**Your task:** Quote each line exactly, from the line that contains "- small box at [937, 405, 1184, 580]" down to the last line of the listing, and no other lines.

**Data below:**
Segment Open
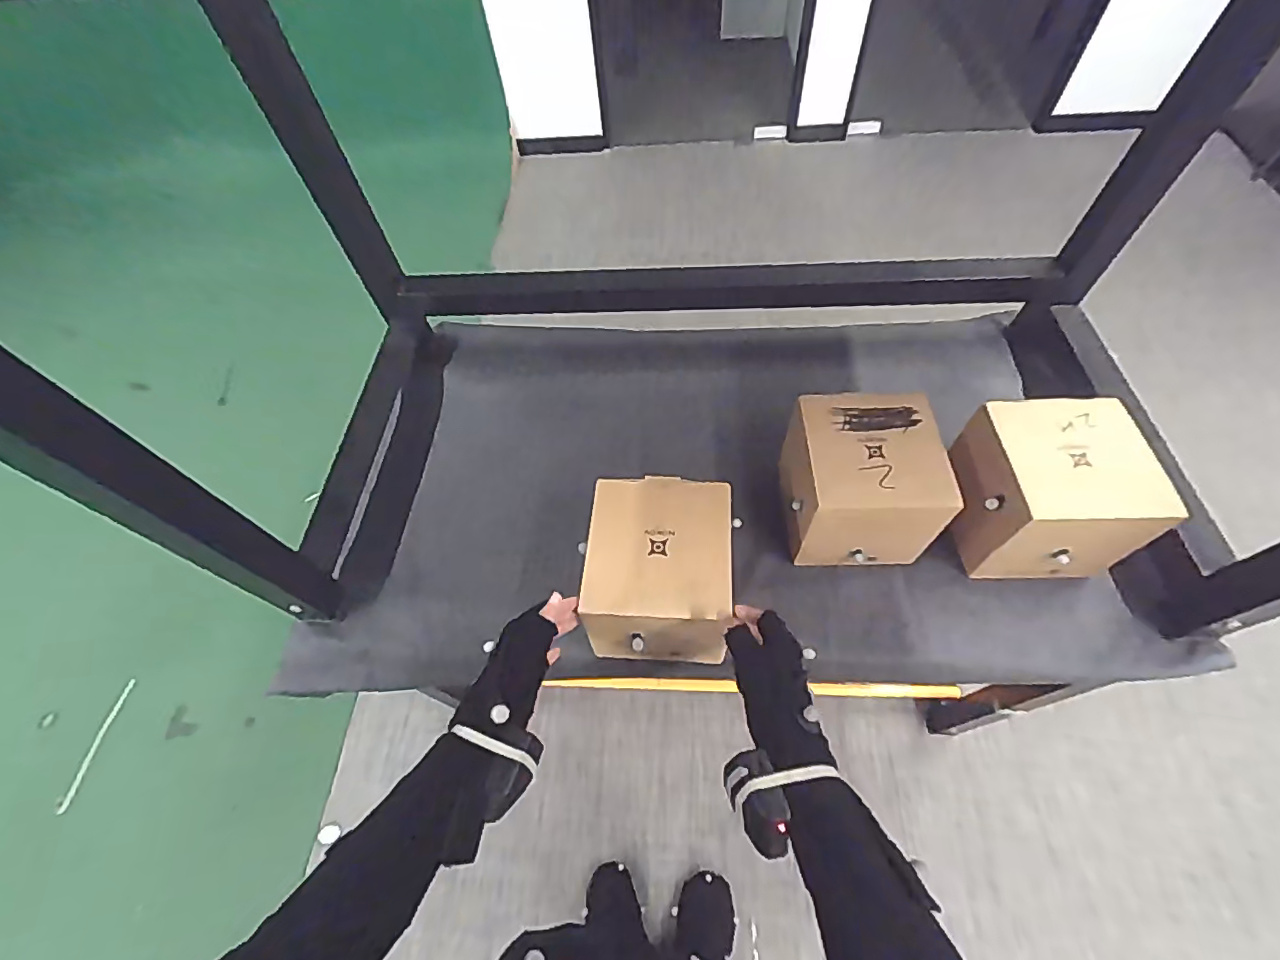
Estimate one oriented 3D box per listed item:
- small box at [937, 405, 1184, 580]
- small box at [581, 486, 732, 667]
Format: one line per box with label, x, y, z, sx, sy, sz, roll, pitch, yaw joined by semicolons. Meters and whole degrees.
Segment Closed
**Answer section:**
- small box at [937, 405, 1184, 580]
- small box at [581, 486, 732, 667]
Format: one line per box with label, x, y, z, sx, sy, sz, roll, pitch, yaw joined by semicolons. Meters and whole degrees.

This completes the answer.